Commonly, SDKs are referred to as a set of libraries to be downloaded and used for integrating our systems with others via APIs, for instance the Facebook SDK or the AWS SDK. Essentially, an SDK is a complement to an API that abstracts the complex business logic and makes development work easier. However, an SDK could also be more than this. In some cases, the SDK could require processes to run in the background or even in parallel with applications like services. The SDK could also have a strong dependency on another service: a database, a cache, etc. 

In these scenarios, we should take a moment to consider SDK architecture and first answer some questions:

What about the audience?
What about the SDK performance?
What about the SDK security?
What about the scalability?
What about the concurrency on distributed scenarios?
What about the SDK error management?
What about the technologies in which we need to implement the SDK?
What about the integration between SDK and your servers?

These initial questions are key to creating a successful SDK. So, let's go answer some questions!

Audience: An SDK is created by developers for developers, so keep a clear and accurate technical documentation, code and tests.

Performance: The SDK is embedded into other applications that have specific performance requirements. Due to this, the SDK must not be a bottleneck so ensure that your SDK performance is as efficient as possible. Microbenchmarks and profilers are great tools for this job.

Security: Some SDKs need a security mechanism to validate the user’s or application’s authenticity. Others have to implement Cryptographic algorithms to guarantee data consistency and security. So, what is your security requirement?

Scalability: Is the SDK flexible enough to let the applications scale without issue? This is a important to consider if your SDK is something more than a code library. For instance, if the SDK needs to run custom processes, has a strong dependence with a cache system or a database, or even shared resources (just like memory). Well defined contracts with your components will live a long time.

Concurrency: If the SDK has some dependency with a shared resource or works with external services, consider the level of concurrency in order to avoid issues like “race conditions” and bottlenecks result of lock contention in your code..

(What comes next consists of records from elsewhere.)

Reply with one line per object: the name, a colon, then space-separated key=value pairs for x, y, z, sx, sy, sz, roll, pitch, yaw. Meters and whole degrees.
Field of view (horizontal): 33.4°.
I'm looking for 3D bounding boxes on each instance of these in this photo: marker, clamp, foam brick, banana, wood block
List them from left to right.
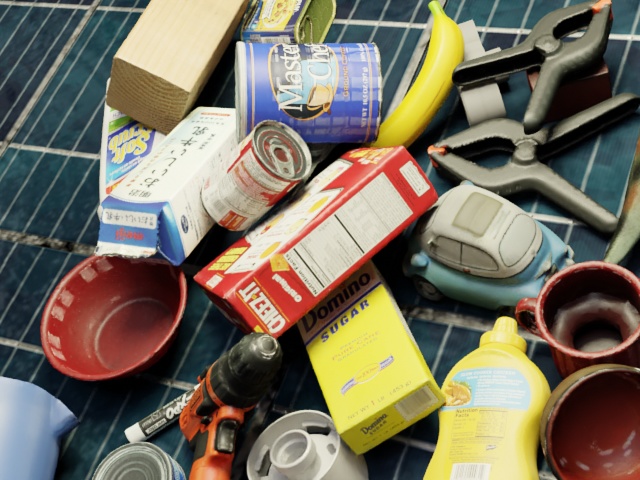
marker: x=-0.133 y=0.160 z=1.032 sx=0.121 sy=0.020 sz=0.020 roll=-32 pitch=50 yaw=-4
wood block: x=-0.155 y=-0.231 z=1.212 sx=0.090 sy=0.091 sz=0.206 roll=26 pitch=57 yaw=-3
banana: x=0.101 y=-0.151 z=1.116 sx=0.070 sy=0.037 sz=0.198 roll=35 pitch=98 yaw=51
clamp: x=0.215 y=-0.088 z=1.064 sx=0.210 sy=0.036 sz=0.164 roll=10 pitch=60 yaw=25
clamp: x=0.218 y=-0.185 z=1.066 sx=0.120 sy=0.039 sz=0.171 roll=36 pitch=71 yaw=30
foam brick: x=0.255 y=-0.163 z=1.094 sx=0.078 sy=0.051 sz=0.053 roll=-16 pitch=52 yaw=10

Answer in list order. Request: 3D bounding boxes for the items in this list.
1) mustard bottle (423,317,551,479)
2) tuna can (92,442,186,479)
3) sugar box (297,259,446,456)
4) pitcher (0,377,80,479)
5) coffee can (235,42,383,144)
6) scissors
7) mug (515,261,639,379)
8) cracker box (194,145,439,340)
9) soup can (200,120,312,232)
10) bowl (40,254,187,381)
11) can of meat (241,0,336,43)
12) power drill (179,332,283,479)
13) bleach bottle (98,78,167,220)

Errors: One of the most important requirements of an SDK is error management. It’s very important to make a decision about error management early and document it thoroughly. Some SDKs prevent exceptions and track errors using a log system. This approach avoids critical errors on main applications, but makes it difficult to identify if something goes wrong as the behavior could look normal. 

Some SDKs throw exceptions, and this is critical, because if exceptions aren’t captured by developers the main application could fail significantly.

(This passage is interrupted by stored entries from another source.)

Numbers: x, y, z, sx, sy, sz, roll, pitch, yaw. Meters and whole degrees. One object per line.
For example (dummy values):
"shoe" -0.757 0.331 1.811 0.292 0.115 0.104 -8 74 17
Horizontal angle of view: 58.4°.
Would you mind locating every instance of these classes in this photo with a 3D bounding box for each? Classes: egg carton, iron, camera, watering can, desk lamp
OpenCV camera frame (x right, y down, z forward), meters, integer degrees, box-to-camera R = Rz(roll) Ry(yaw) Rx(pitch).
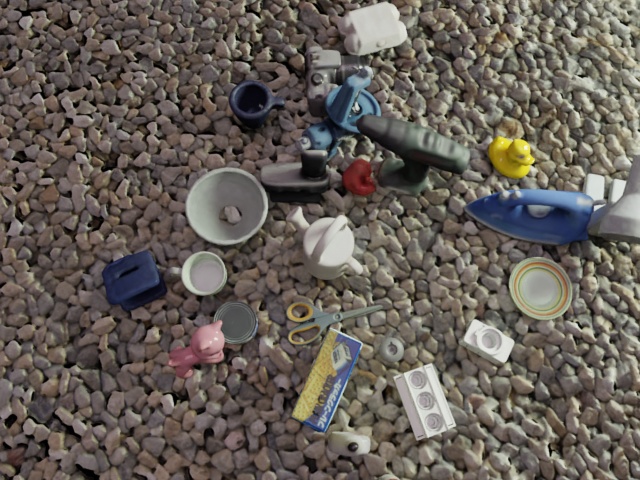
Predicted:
"egg carton" 0.120 -0.482 1.319 0.150 0.069 0.107 -19 75 -7
"iron" 0.438 -0.069 1.173 0.258 0.141 0.119 6 74 0
"camera" 0.035 -0.362 1.265 0.137 0.101 0.143 -4 74 -3
"watering can" 0.009 0.006 1.109 0.172 0.194 0.101 17 74 3
"desk lamp" 0.606 -0.069 1.141 0.118 0.213 0.203 12 74 2

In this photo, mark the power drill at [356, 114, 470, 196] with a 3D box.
"power drill" 0.176 -0.168 1.158 0.229 0.208 0.076 14 74 2

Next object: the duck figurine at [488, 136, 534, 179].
"duck figurine" 0.418 -0.190 1.236 0.077 0.086 0.104 -40 79 -12

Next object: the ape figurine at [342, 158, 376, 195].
"ape figurine" 0.086 -0.139 1.207 0.076 0.092 0.078 8 74 1

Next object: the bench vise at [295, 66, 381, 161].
"bench vise" 0.049 -0.251 1.171 0.121 0.220 0.207 34 76 8

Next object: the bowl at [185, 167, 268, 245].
"bowl" -0.188 -0.060 1.183 0.167 0.075 0.167 1 74 -2

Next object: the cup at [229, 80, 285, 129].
"cup" -0.133 -0.283 1.240 0.117 0.095 0.092 1 74 -1

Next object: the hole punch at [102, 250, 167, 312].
"hole punch" -0.372 0.076 1.129 0.109 0.091 0.101 -26 76 -9

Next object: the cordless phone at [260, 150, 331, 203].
"cordless phone" -0.050 -0.146 1.155 0.147 0.185 0.094 -4 74 -3

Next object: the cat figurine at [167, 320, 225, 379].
"cat figurine" -0.230 0.206 1.082 0.128 0.118 0.067 -28 76 -9

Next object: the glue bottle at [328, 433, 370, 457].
"glue bottle" 0.056 0.364 1.017 0.078 0.173 0.037 3 74 -1

Technologies: The SDK should be capable of implementing with different technologies.  However this particular requirement gets complicated quickly if the details of each technology are not considered upfront. For example:

  • Supported data types: strings, numbers, lists?
  • Language platform: 32bits or 64bits?
  • Concurrency: it is supported by the technology?

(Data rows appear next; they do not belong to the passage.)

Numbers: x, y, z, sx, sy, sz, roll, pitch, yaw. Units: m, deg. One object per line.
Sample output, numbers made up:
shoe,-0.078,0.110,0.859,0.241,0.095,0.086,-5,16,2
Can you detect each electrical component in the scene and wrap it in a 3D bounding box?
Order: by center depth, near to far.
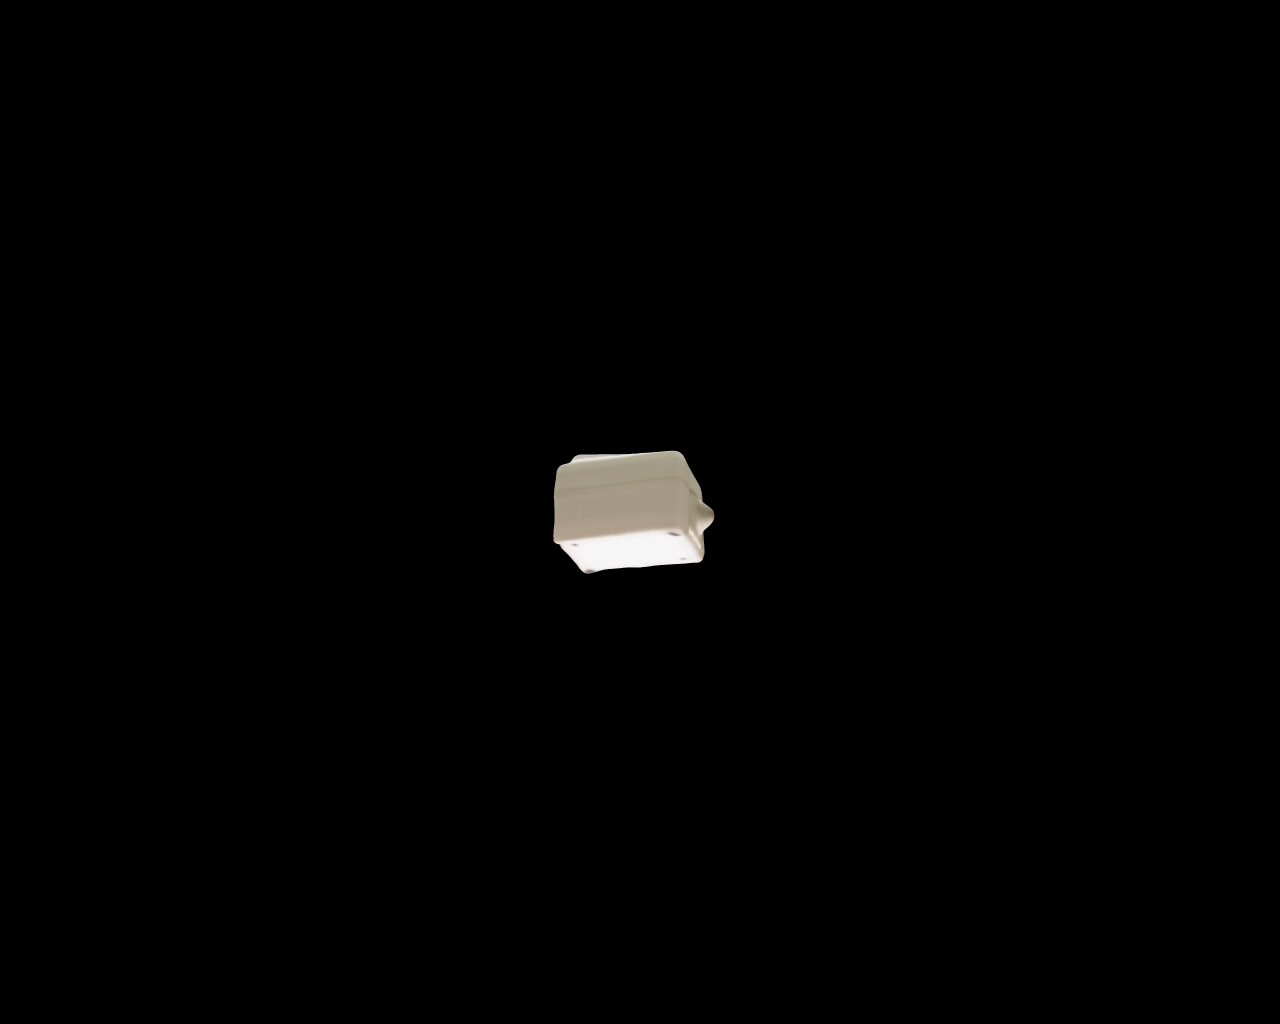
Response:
electrical component,0.001,-0.003,0.650,0.096,0.061,0.061,-6,-24,14

If you find differences across technologies, try to wrap these in custom libraries or think about the best approach for each separately.

Integration: If connecting the SDK with an external service, we should also think about the integration. Typically, integrations are setup via an API but there are other details to consider. Can we support the API connection? Is it a standard API, like RESTful or SOAP?  Do we have an API contract? What about the API security?

Overall, SDKs are great tools to simplify the way your customers and teams interact with your product, which removes the complexity of interacting with APIs and abstract them from implementation details. Just don’t forget to ask yourself the important questions upfront to ensure your SDK is as successful as possible.